Ich hoffe es, ansonsten passen die Maßstäbe nicht.


----------



## Laggy.NET (12. Januar 2016)

*AW: EA Access für PC gestartet für 3,99€ im Monat*

Das angebot erscheint zwar günstig, aber imho ist es das nicht so wirklich. Zumindest ist der Gegenwert überschaubar.

Die Dead Space Teile bekommt man in Keystores immer wieder schon für 5€.
Teil 1 und 3 hab ich sogar bei nem Humble bundle für ein paar euro geschossen und habs zusätzlich nochmal auf Steam. Dragon Age 1 und 2 gibts genauso günstig.

Der Clou ist dann aber sowas wie Battlefield. Es ist wahrscheinlich ohne Premium, trotzdem zahlt man praktisch monatlich, während man es genauso gut im Keystore kaufen könnte. spätestens wenn jemand Premium dazu möchte, zahlt er neben den bisherigen monatlichen Gebühren zusätzlich nochmal das Hauptspiel plus Premium.

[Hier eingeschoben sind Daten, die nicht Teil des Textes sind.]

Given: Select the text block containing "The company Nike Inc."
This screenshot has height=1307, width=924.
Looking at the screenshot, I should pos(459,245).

Effektiv hat EA dadurch bei den allermeisten Games keinen Verlust, da man das Geld entweder doppelt abkassiert, wenn ein Kunde eines der Spiele kauft, oder man holt sich das geld einfach über die Zeit. 

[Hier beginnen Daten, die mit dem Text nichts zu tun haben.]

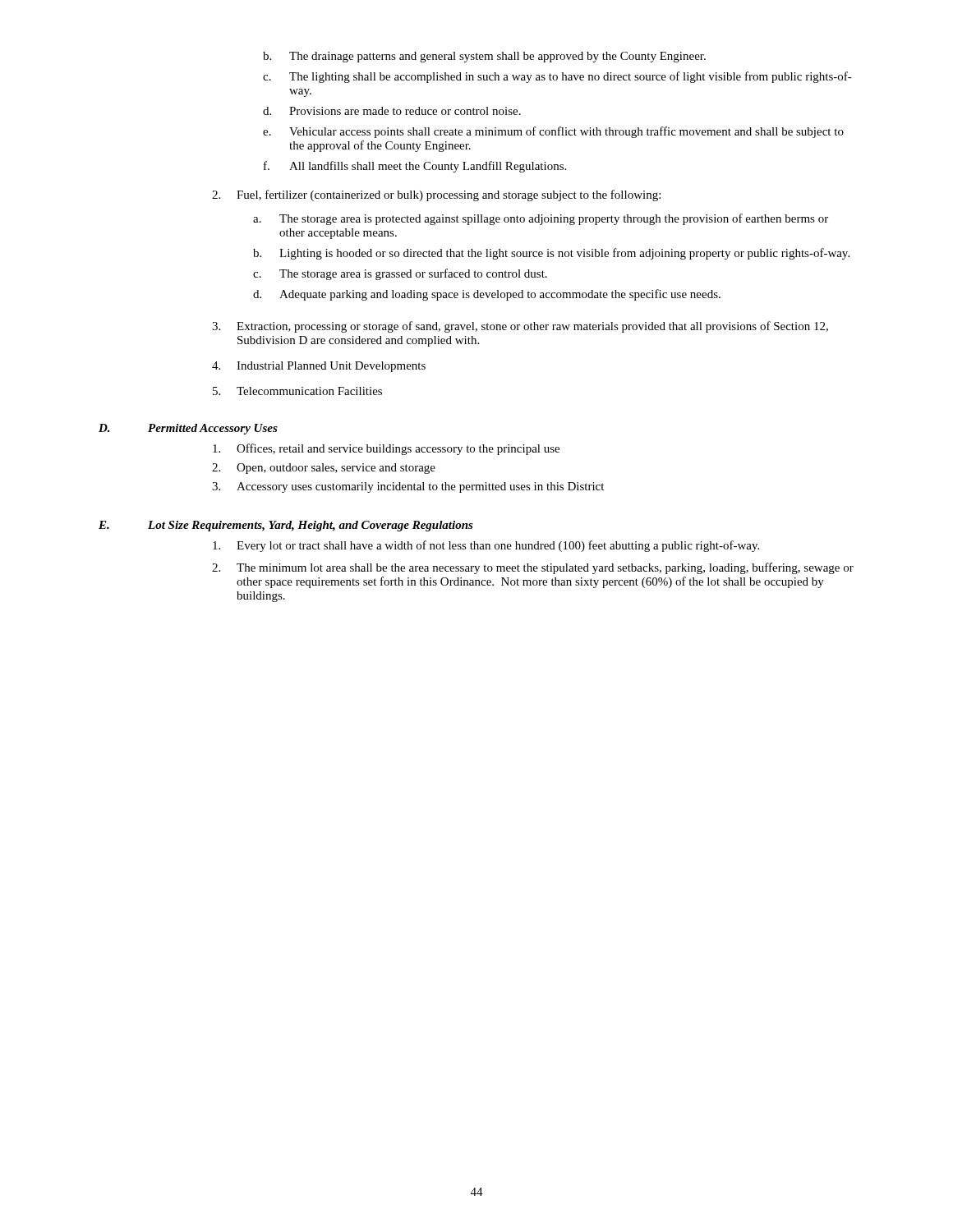Find "D. Permitted Accessory Uses" on this page
Screen dimensions: 1232x953
[x=188, y=428]

Zudem stärkt man mit Titeln wie Battlefield und PVZ die Marken und oh wunder, schon bald kommt PVZ GW 2 raus, was wohl nicht enthalten sein wird.

Und selbst wenn jemand nen Brocken wie DA Inquisition für 3,99€ durchspielen wird, so ist das bei dem Spielumfang relativ unüblich, sprich die meisten User werden wohl mindestens 8€ dafür in 2 Monaten ausgeben und es gehört ihnen trotzdem nicht, hat ihnen das Spiel gefallen, wirds im nächsten Sale für weitere 10 oder 15€ gekauft und schon hat EA seine 25€ (dlcs sind natürlich nochmal extra)

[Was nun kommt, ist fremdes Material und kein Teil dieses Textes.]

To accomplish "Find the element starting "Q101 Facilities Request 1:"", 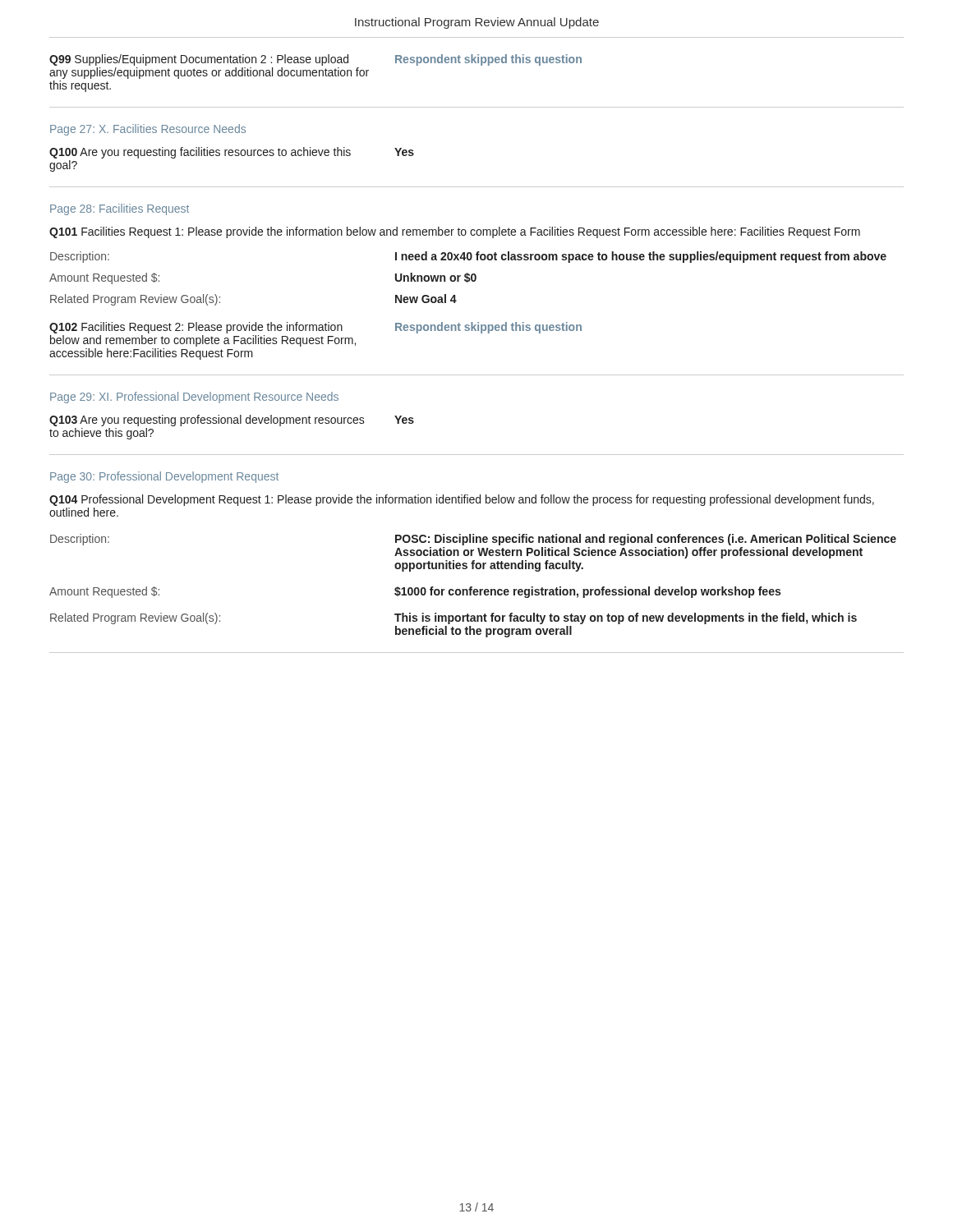I will click(x=455, y=232).

Wie auch immer. Tatsache ist, dass hinter dem günstigen Preis und der Spieleauswahl ein ausgeklügeltes System steckt, das förmlich mit unserem Kaufverhalten spielt. Gerade, wenn man bei den großen Spielen die Keystorepreise vergleicht und eben die Tatsache, dass es eben kein Premium gibt usw, dann ist das angebot bestenfalls Fair. Ich sehe zumindest keine Möglichkeit hier wirklich Geld zu sparen. Zum Antesten ist es ganz ok, aber dann darf man die Games nicht kaufen, sobald man auch nur eines davon kauft, hat man für ne Demo bezahlt und zusätzlich das Spiel gekauft. =Win Win für EA.

Klar, für den User erscheint es erstmal einfacher, das Spiel für nen kleineren Betrag zu testen und dann erst für nen weiteren kleineren Betrag zu kaufen.
Aber unterm strich ist es eben teurer, als wenn man direkt kauft. Zudem erreicht EA damit auch noch die Kunden, die zum Release der Games nicht erreicht wurden und verdient entweder am Abo oder an den nachträglichen Käufen. 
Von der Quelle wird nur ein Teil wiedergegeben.